Privacy notice within article13 GDPR

Pursuant to art. 13 of EU Regulation no. 2016/679 (hereinafter “GDPR 2016/679”), containing provisions on data protection, we inform you that the personal data you provide will be processed in compliance with the above mentioned legislation and will be based on the principles of lawfulness, correctness, transparency, purpose limitation and storage, data minimisation, accuracy, integrity and confidentiality.

Data Controller

The Data Controller is Galeno Editore srl (VAT number: 13358001009), with registered office in Rome, viale Jonio n. 207. Personal data subject to processing

Personal data, i.e. any information regarding your identification and/or identifiability, are as follows: name, surname, residence address, e-mail address, tax code, VAT number, telephone number.

Purpose and legal basis of the data processing

The personal data, as provided by you, are used for the sale of e-books and the shipping of books in paper format, as well as for the provision of online training courses. The legal basis of the processing falls within the contractual or pre-contractual scope.

Facultative nature of the data transmission

Please note that you are free to provide your personal data. Failure to provide them may only result in the impossibility of obtaining the service/product requested.

 Processing methods and security measures

The processing is carried out in automated and/or manual form, in compliance with the provisions of art. 32 GDPR and is processed lawfully and correctly, adopting the appropriate security measures to prevent unauthorized access, disclosure, modification or destruction of data. In particular, by way of example, this website adopts an HTTPS system with SSL certification of the domain.

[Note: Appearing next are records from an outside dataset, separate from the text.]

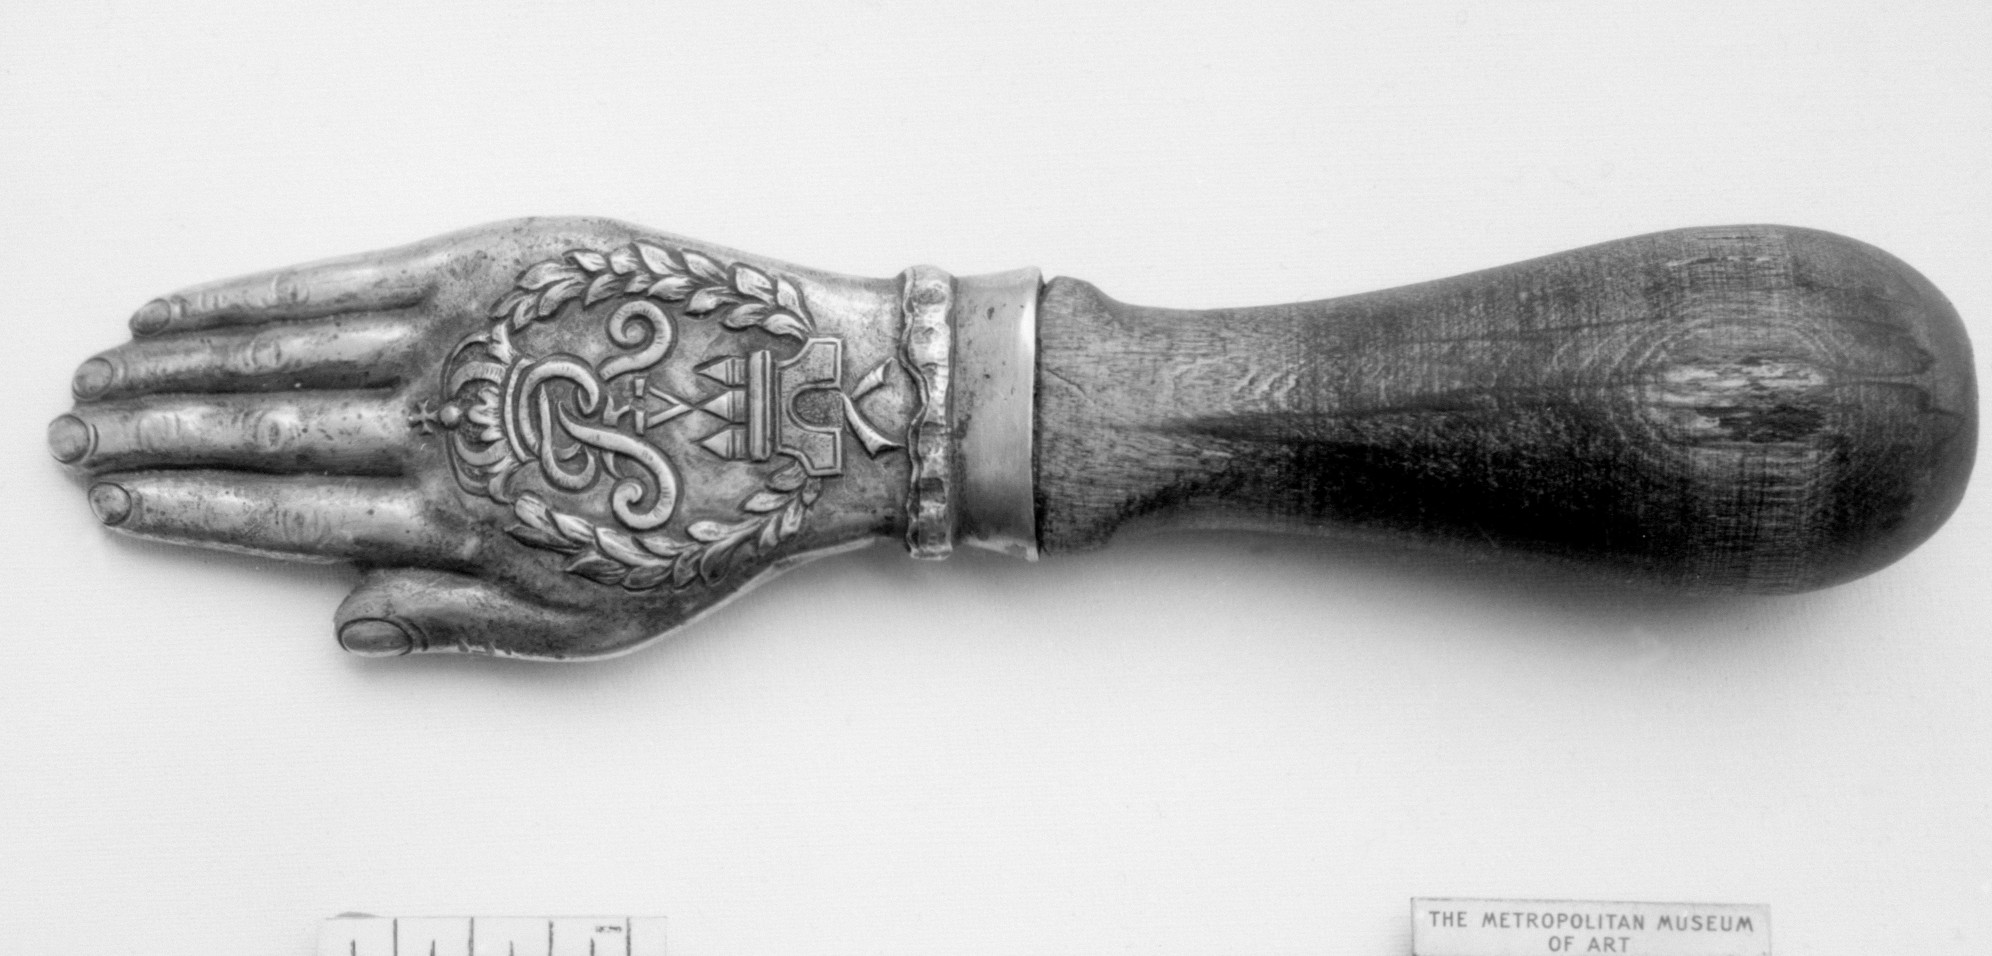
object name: sheriff's truncheon
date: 1746-1766
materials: silver, wood
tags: hands,coat of arms

Scope of communication and dissemination

We also inform you that the data collected will never be communicated without your explicit consent, except for the necessary communications that may involve the transfer of data to public bodies, consultants or other subjects for the fulfilment of legal obligations.

Data retention

The data controller will process your Personal Data for time that is strictly necessary to achieve the purposes indicated in the purposes and for a maximum of ten years, unless extended by law.

Transfer of Personal Data

Your data will not be transferred to third countries outside the European Union, except in case of use of the system of electronic invoicing and digital payment through external providers, which declare to adopt appropriate security measures and to comply with the privacy legislation (or equivalent according to the adequacy decision of the Commission ex art. 45 EU Reg. 679/2016 or other instruments ex art. 49 EU Reg. 679/2016).

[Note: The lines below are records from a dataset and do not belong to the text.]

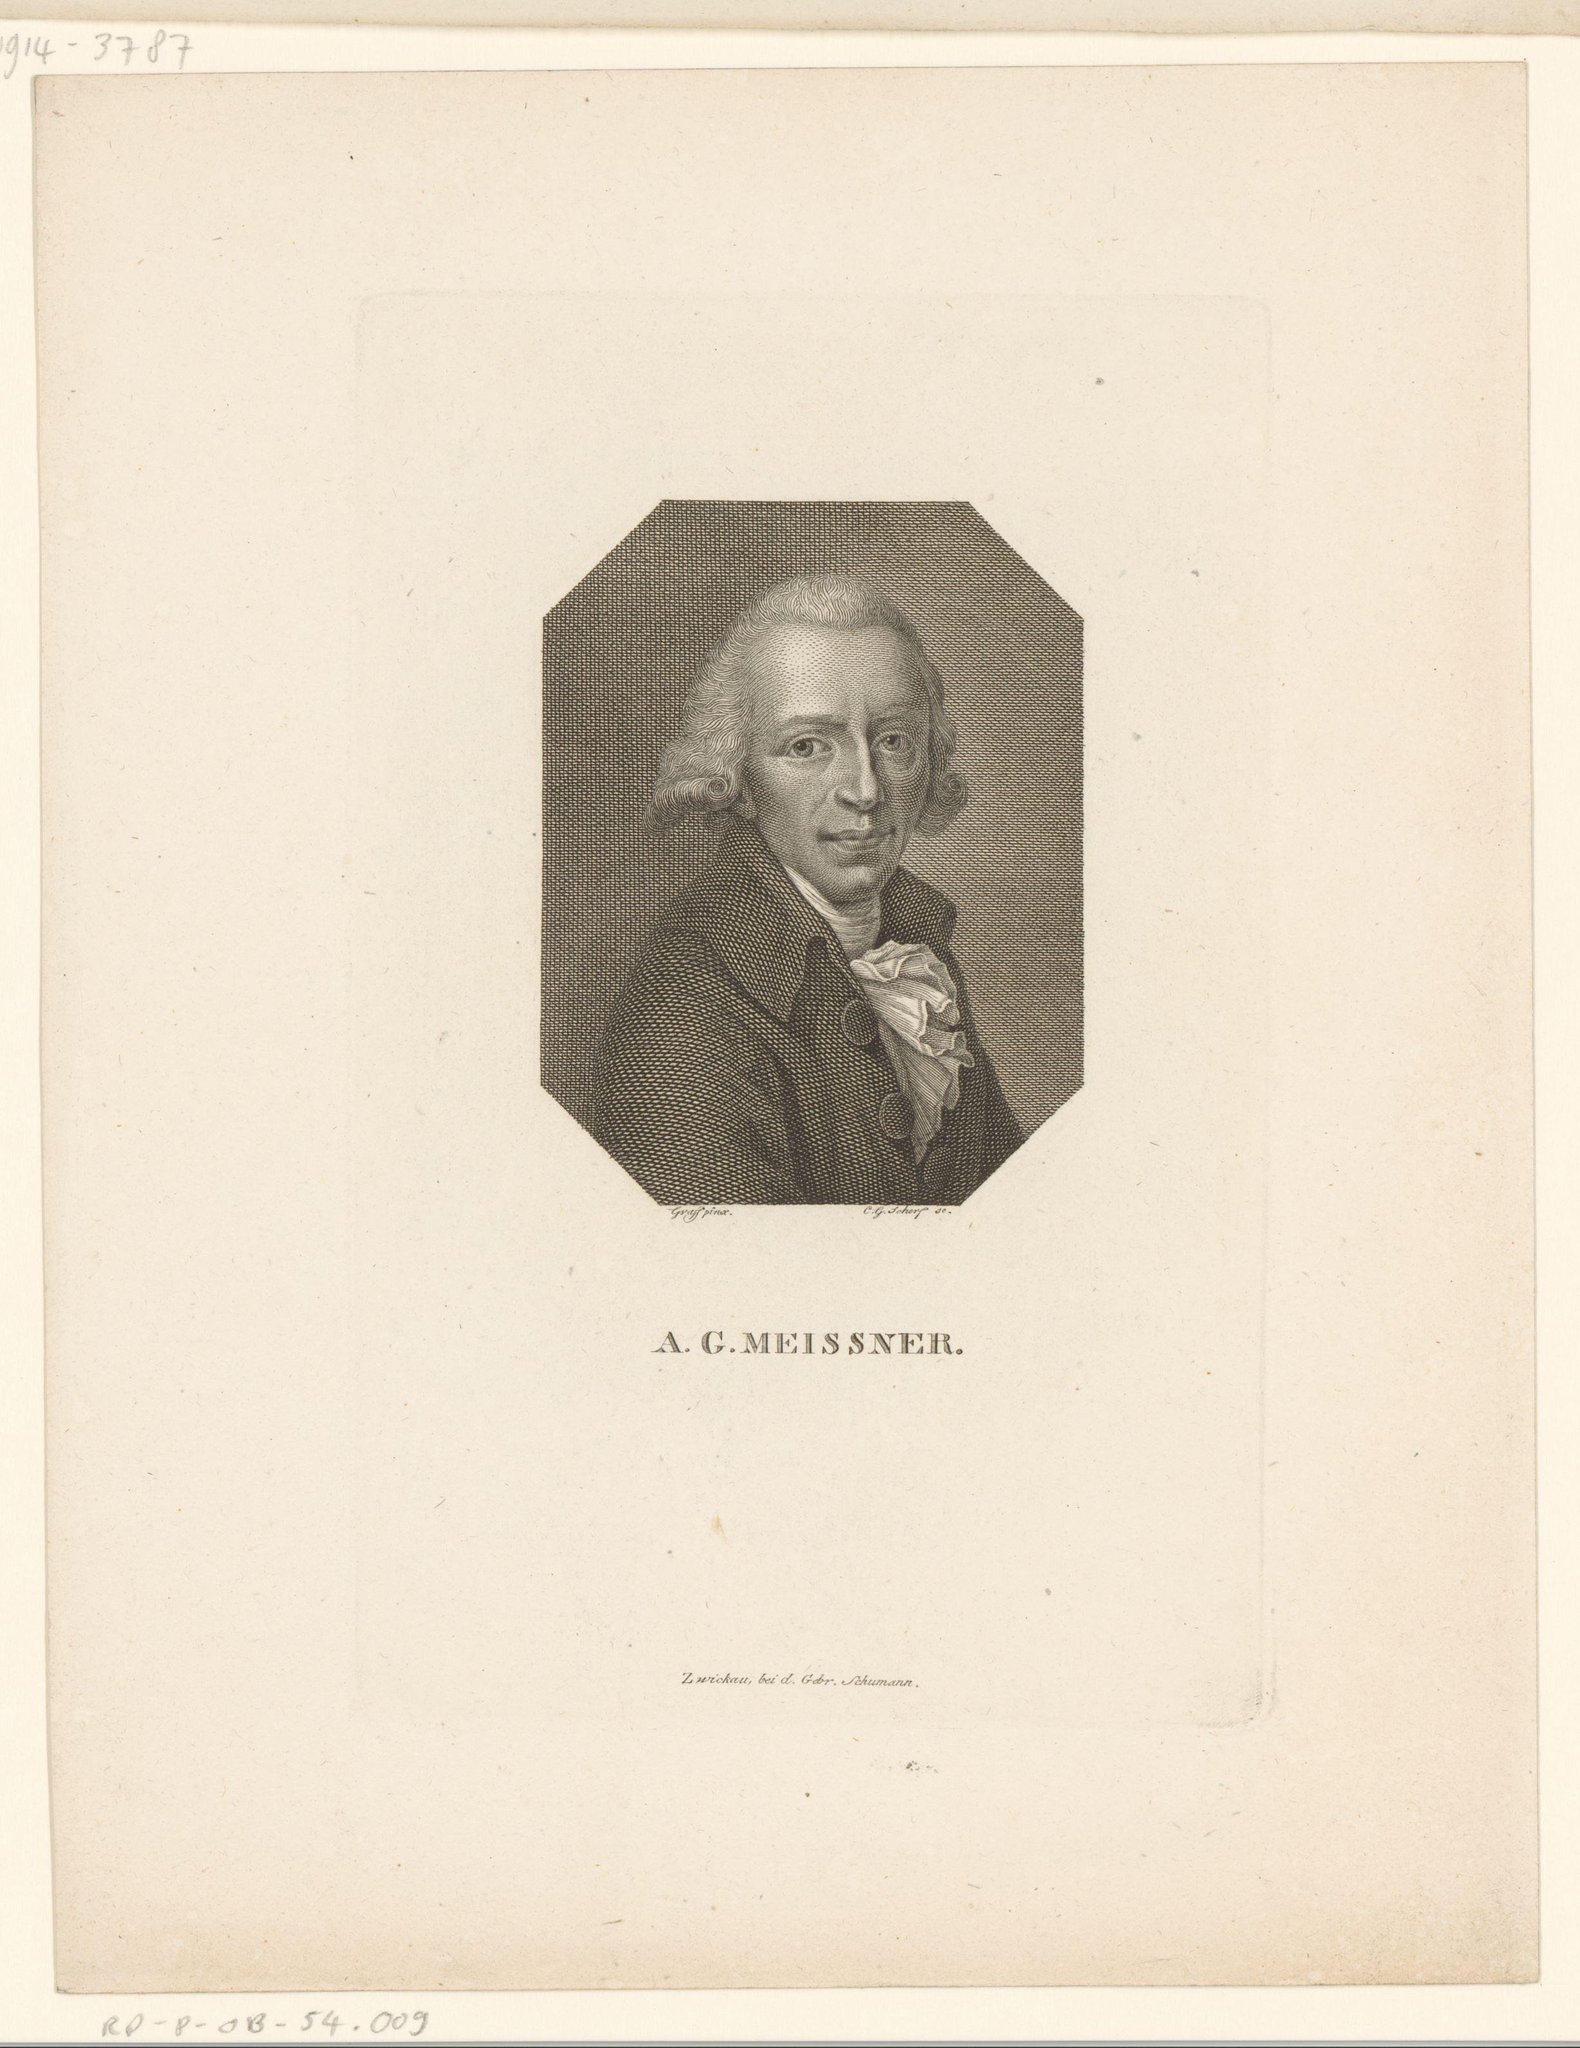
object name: print
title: Portret van August Gottlieb Meissner
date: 1803-1849
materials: paper
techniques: engraving
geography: zwickau
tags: historical persons
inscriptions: collector's mark: Lugt 2228

Rights of the data subject

At any time, you may exercise, in accordance with articles 15 to 22 of EU Regulation no. 2016/679, the right to:

  1. a) access, requesting confirmation of the existence or not of the processing of your personal data, obtaining information on the purposes of the processing, the categories of personal data, the recipients or categories of recipients to whom the personal data have been or will be communicated and, when possible, the period of storage;

(b) rectification and erasure of data;

(c) limitation of processing;

(d) portability of the data, i.e. receiving them from a data controller, in a structured, commonly used and auto-readable format, and transmitting them to another controller without hindrance;

(e) opposition to processing at any time, including processing for direct marketing purposes, as well as automated decision making concerning physical persons, including profiling;

(f) withdraw consent at any time without prejudice to the lawfulness of the processing based on the consent given before the withdrawal;

(g) lodge a complaint with a supervisory authority.

To this end, you may exercise your rights by sending a written request to the following e-mail address:

We will reply to your request within one month from the date of receipt of the same; this period may be extended by a further two months in case of particular complexity and number of requests.

In case of non-compliance with the request, you may lodge a complaint with the Control Authority (Privacy Guarantor) pursuant to art. 77 EU Reg. 679/2019 and lodge a judicial appeal pursuant to art. 79 EU Reg. 679/2019.